Earth's Magnetic Field: Why Doesn't It Lose Its Properties?

[Luiz Felipe Ramos]

We know that when a magnet is exposed to high temperatures, it loses its magnetic properties. Why then does the Earth's magnetic field behave differently? That is, why doesn't the Earth lose its magnetic properties? According to BBC News Brasil, the core temperature is around 6000 ° C, higher than the Curie point for iron and nickel components.

Attachment:

https://www.bbc.com/portuguese/noticias/2013/04/130428_terra_temperatura_nucleo_sol_rw - Access date: 07/02/2021.

Thanks for listening!

 

[PeroK]

All magnetic fields are caused by electric currents, of one form or another.
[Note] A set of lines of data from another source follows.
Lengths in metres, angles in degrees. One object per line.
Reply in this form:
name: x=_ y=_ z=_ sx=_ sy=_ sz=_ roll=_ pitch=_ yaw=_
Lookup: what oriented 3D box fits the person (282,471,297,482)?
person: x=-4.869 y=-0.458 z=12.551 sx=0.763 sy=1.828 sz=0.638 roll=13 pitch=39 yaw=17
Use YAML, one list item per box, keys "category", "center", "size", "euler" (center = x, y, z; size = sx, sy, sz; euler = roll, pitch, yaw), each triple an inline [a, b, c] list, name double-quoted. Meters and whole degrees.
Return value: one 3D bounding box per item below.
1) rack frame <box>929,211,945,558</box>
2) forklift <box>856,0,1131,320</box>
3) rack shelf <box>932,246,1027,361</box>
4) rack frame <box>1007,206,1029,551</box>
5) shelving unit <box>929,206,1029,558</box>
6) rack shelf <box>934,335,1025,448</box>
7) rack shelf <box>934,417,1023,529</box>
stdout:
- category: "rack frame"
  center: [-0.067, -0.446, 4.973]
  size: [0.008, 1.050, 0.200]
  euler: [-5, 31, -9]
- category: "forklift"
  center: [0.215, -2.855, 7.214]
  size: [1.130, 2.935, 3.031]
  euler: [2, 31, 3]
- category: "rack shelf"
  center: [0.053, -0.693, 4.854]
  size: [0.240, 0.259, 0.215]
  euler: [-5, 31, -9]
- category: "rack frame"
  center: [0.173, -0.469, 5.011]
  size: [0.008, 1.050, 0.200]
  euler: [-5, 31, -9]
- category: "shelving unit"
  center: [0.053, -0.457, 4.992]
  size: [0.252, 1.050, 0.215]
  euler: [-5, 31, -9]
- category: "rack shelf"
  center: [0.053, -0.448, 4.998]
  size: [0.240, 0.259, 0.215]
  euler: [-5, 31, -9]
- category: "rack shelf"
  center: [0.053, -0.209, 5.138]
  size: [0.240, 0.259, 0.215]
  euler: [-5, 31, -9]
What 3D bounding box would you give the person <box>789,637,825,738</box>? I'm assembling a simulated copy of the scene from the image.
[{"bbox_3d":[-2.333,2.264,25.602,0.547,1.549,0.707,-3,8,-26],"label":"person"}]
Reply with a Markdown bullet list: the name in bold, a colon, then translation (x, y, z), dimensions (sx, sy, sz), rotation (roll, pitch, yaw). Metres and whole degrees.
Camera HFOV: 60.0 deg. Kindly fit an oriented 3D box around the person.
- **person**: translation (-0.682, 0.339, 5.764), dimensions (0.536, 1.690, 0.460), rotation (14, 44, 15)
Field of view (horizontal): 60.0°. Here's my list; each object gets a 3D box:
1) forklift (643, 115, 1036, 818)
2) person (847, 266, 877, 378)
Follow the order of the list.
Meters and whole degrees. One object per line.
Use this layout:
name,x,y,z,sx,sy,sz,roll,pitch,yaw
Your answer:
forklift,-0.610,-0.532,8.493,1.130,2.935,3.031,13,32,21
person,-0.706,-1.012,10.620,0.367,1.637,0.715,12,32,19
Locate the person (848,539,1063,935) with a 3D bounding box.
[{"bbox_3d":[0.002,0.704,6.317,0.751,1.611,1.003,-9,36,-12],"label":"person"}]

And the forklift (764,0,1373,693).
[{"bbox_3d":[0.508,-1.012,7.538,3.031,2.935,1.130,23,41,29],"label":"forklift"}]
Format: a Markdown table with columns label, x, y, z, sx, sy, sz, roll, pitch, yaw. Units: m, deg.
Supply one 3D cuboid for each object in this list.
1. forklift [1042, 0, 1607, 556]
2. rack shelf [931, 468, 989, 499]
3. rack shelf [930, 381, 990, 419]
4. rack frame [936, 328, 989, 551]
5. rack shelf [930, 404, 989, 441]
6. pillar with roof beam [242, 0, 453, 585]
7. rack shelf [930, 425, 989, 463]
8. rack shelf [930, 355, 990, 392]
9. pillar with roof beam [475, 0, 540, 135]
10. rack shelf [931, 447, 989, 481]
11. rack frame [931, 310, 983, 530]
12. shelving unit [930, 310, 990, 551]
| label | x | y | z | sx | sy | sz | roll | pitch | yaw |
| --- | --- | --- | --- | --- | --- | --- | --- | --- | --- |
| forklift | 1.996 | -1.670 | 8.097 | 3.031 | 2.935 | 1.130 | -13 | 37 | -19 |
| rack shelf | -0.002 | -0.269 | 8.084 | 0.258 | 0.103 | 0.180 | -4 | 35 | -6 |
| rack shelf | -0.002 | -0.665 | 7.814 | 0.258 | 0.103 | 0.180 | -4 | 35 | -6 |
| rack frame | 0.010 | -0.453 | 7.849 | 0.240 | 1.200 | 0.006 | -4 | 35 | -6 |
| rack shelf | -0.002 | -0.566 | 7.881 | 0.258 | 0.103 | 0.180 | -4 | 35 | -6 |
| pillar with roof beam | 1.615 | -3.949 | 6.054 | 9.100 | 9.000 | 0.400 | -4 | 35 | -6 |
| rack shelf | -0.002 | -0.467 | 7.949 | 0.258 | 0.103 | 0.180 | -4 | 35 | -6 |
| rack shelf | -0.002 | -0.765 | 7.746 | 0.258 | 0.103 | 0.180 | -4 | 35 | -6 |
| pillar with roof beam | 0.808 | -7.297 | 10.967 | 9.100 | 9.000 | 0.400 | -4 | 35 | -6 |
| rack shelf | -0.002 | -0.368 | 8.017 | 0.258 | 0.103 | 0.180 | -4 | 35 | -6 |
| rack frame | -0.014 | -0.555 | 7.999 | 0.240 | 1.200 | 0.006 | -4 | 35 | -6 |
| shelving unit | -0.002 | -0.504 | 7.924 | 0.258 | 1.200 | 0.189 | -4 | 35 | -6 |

For the Earth, you could start here:

https://en.wikipedia.org/wiki/Earth's_magnetic_field#Physical_origin

 

[Vanadium 50]

How can there be a magnetic field from a copper coil when copper doesn't even have a Curie temperature?

 

[kuruman]

All magnetic fields are caused by electric currents, of one form or another.

I think magnetic fields from permanently magnetized materials should be excluded. Yes, one can use magnetization currents to model such fields but one has to be careful not to take this idea literally. My concern is that one might lose sight of the magnetic moment of the electron as one of its intrinsic properties.

 

[davenn]

I think magnetic fields from permanently magnetized materials should be excluded. Yes, one can use magnetization currents to model such fields but one has to be careful not to take this idea literally. My concern is that one might lose sight of the magnetic moment of the electron as one of its intrinsic properties.

You quoted @PeroK

But I don't understand if you are arguing against his link ( which is appropriate for the thread) or what your point is ?

 

[vanhees71]

I think magnetic fields from permanently magnetized materials should be excluded. Yes, one can use magnetization currents to model such fields but one has to be careful not to take this idea literally. My concern is that one might lose sight of the magnetic moment of the electron as one of its intrinsic properties.

That's underlined by the fact that the gyrofactor is around $2$ for the intrinsic magnetization of the electron due to its spin (which is a result of minimal coupling of the em. field and can be derived both within relativistic (Dirac equation) and non-relativistic (Pauli equation) when the "minimal coupling" is done right ;-)).

For a magnetization due to a current the gyro factor is 1.

 

[kuruman]

You quoted @PeroK
But I don't understand if you are arguing against his link ( which is appropriate for the thread) or what your point is ?

I was not arguing against the link. I was trying to clarify to OP that, in a permanent magnet below the Curie point, the existing magnetic field is not generated by currents of the charge transport variety. My objection was to the sweeping use of "all" as in "All magnetic fields are caused by electric currents".